9. The personalized eye behavior correction AI recommendation and real-time intervention system according to claim 1, characterized in that, The human-computer interaction module includes a display unit, an input unit, a voice interaction unit, and a feedback unit, and supports multi-terminal adaptation, solving the problems of single interaction methods and poor terminal adaptability in the prior art. The display unit is used to display user eye usage data, personalized correction plans, intervention reminder information, eye health risk assessment results and model optimization records. It uses clear and easy-to-understand visual charts to show the data change trends, making it easy for users to intuitively understand their own eye usage status. The input unit is used for users to input basic information, correction preferences, intervention method selection, and manual adjustment of intervention thresholds, and supports touch input, keyboard input, and handwriting input. The voice interaction unit supports voice command recognition and voice feedback. Users can use voice commands to query eye use data, start correction training, and adjust intervention modes. The system responds to user commands and provides relevant guidance through voice feedback. The feedback unit is used for users to provide feedback on the effectiveness of the correction plan, the applicability of the intervention method, and problems encountered during system operation. The feedback data is uploaded to the AI analysis and processing module in real time for model optimization and plan adjustment.

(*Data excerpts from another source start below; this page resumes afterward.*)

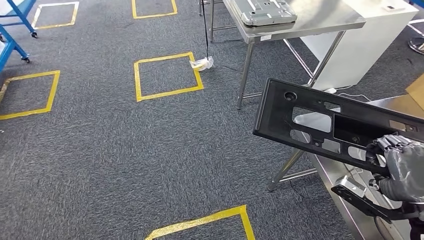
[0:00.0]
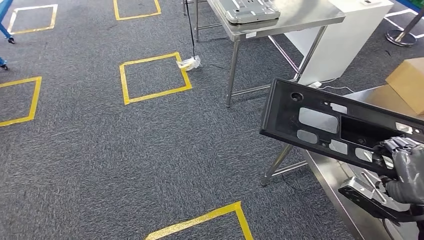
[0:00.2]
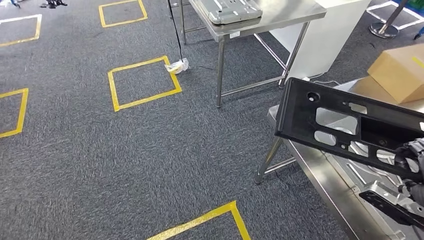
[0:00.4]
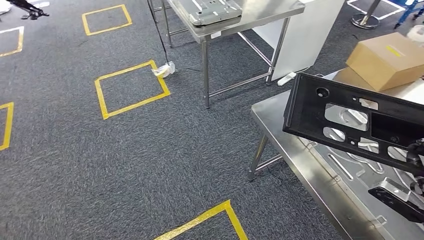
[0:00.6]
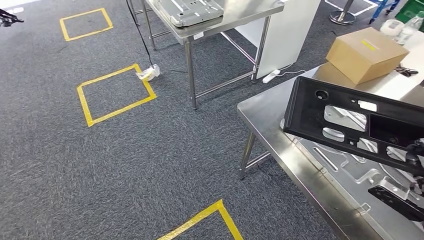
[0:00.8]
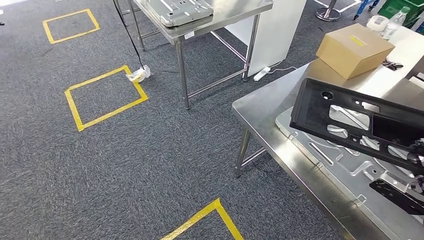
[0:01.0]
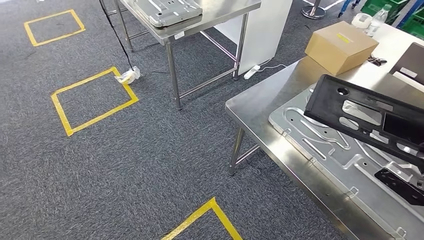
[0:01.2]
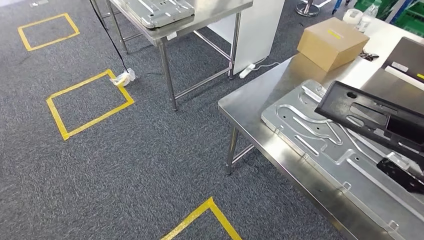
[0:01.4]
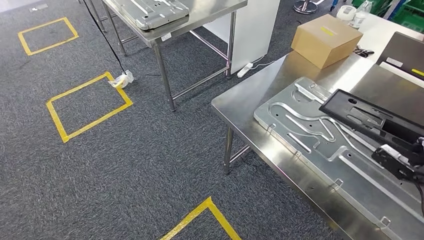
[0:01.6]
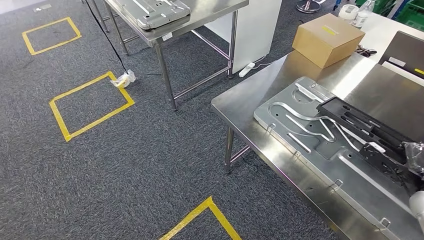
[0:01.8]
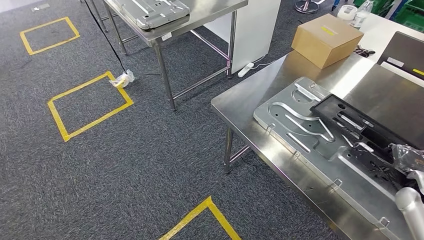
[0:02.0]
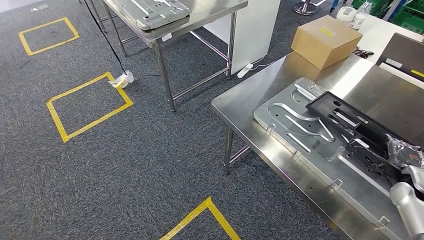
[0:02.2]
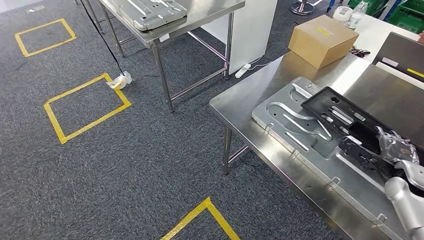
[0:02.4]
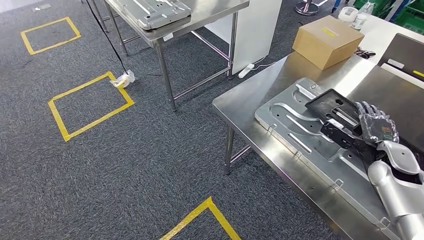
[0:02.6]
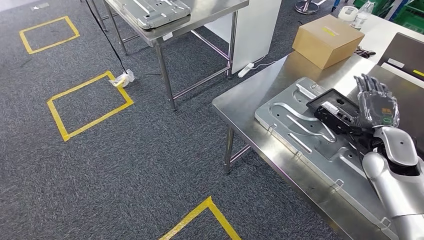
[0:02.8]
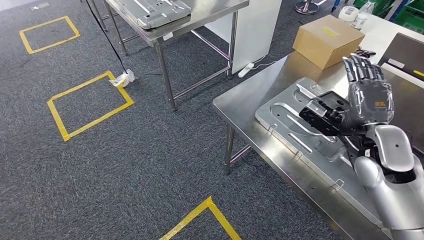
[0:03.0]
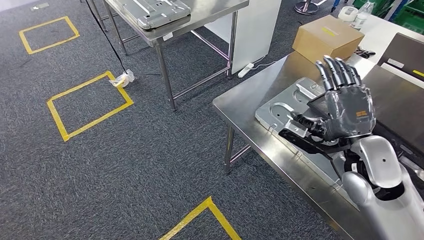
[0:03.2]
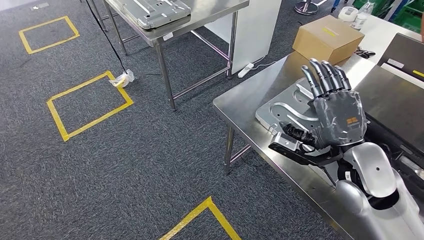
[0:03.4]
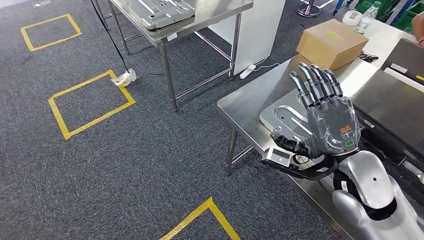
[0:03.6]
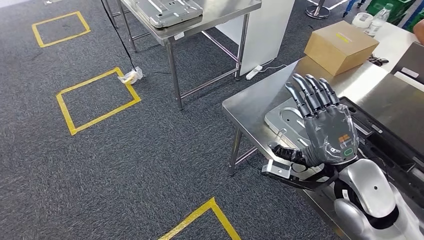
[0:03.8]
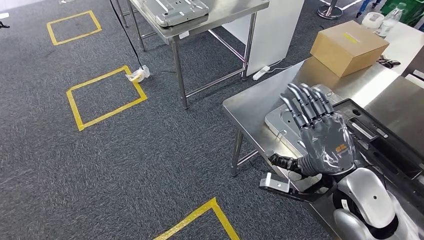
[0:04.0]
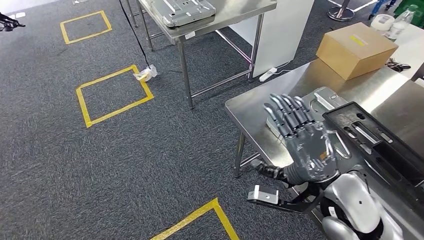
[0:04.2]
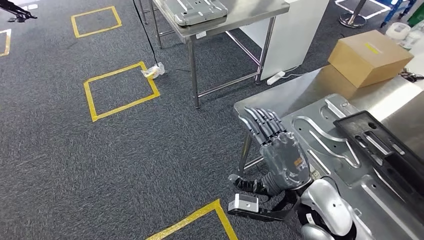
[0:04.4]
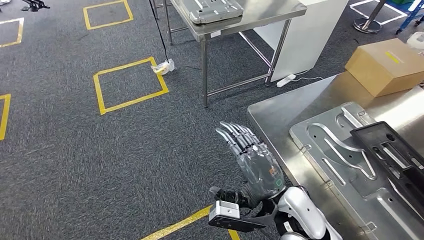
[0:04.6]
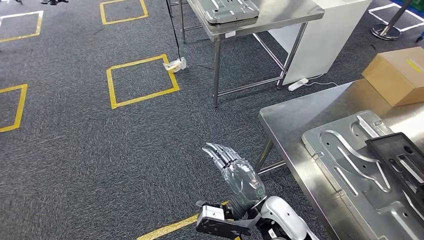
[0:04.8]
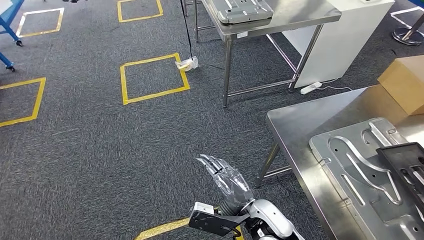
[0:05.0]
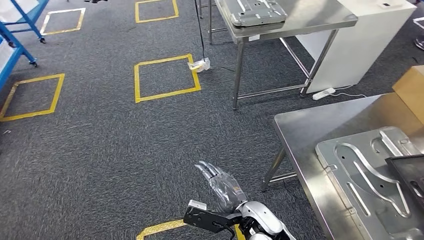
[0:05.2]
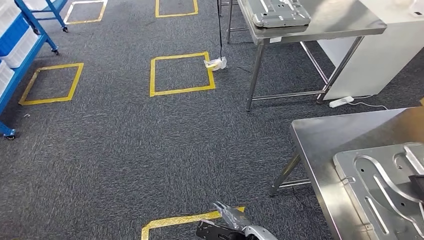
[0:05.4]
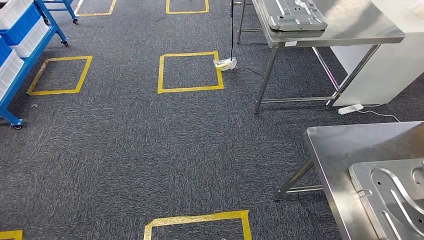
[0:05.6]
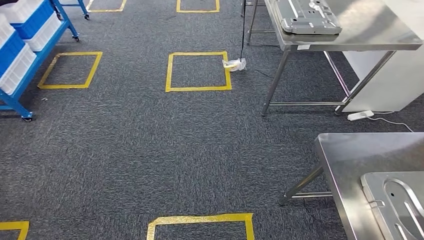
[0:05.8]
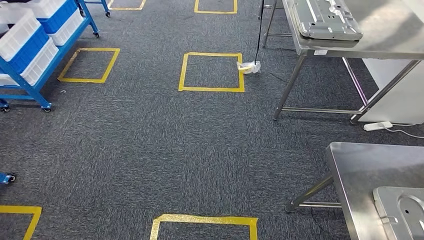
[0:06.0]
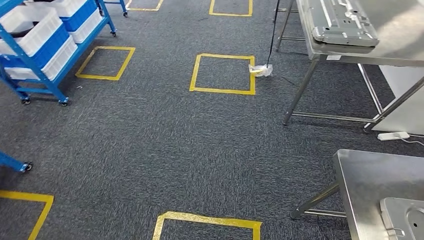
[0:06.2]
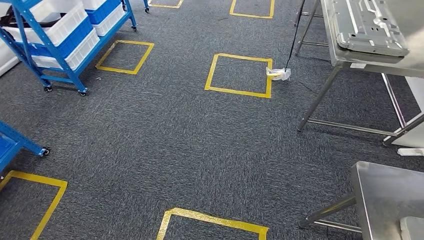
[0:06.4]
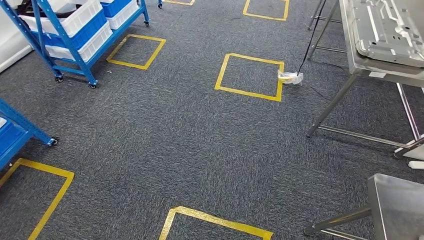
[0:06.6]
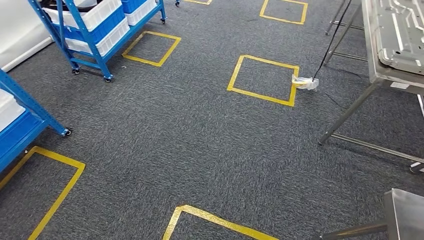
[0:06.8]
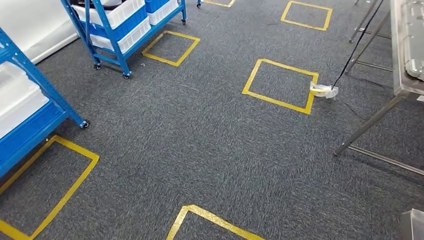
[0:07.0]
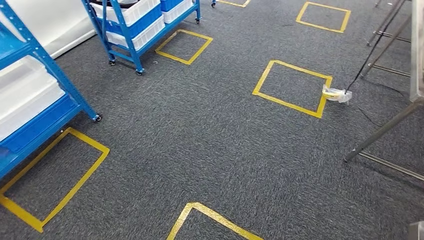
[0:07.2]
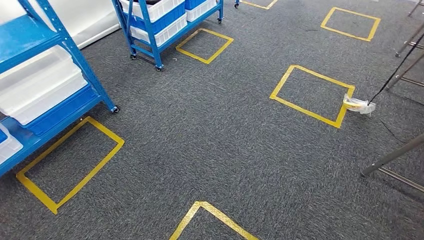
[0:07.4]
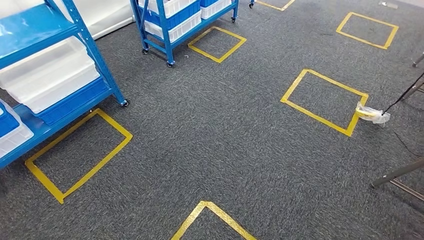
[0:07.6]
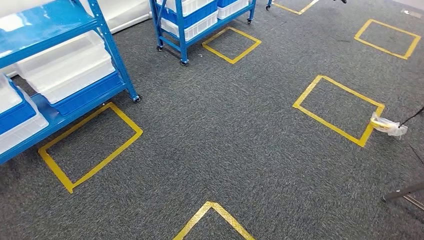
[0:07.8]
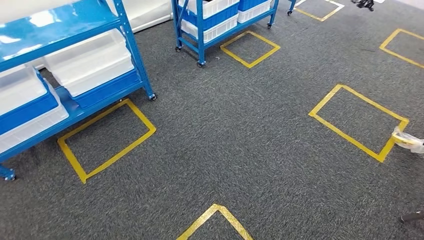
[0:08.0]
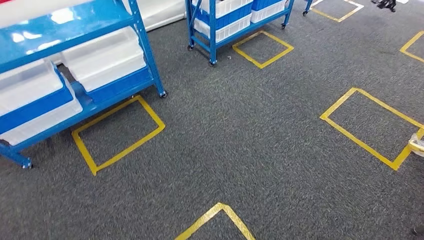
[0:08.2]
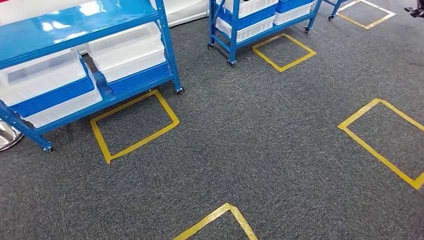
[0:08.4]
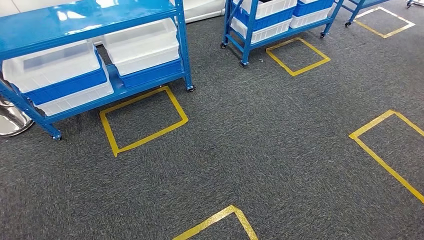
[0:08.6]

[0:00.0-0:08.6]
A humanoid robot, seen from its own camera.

10. The personalized eye behavior correction AI recommendation and real-time intervention system according to any one of claims 1-9, characterized in that, The system also includes a remote linkage module, which is used to establish remote linkage with ophthalmology medical institutions, parents' terminals, and teachers' terminals, to solve the problems of lack of professional medical support and disconnect between family and school supervision in existing technologies. The remote linkage module can synchronize the user's eye usage data, risk assessment results, and correction plan implementation status to the associated ophthalmologist's terminal in real time. The ophthalmologist can provide the user with professional guidance and suggestions based on the relevant data, and can remotely adjust the correction plan when necessary. For adolescent users, eye use data and intervention status can be synchronized to the parent and teacher terminals, making it convenient for parents and teachers to monitor the user's eye use behavior and the implementation of the correction plan in real time, forming a multi-dimensional correction system of "systematic intervention + professional guidance + family supervision + school supervision"; Meanwhile, the remote linkage module allows users to initiate online consultations with ophthalmologists, enabling timely answers to eye health problems and further enhancing the professionalism and effectiveness of eye behavior correction.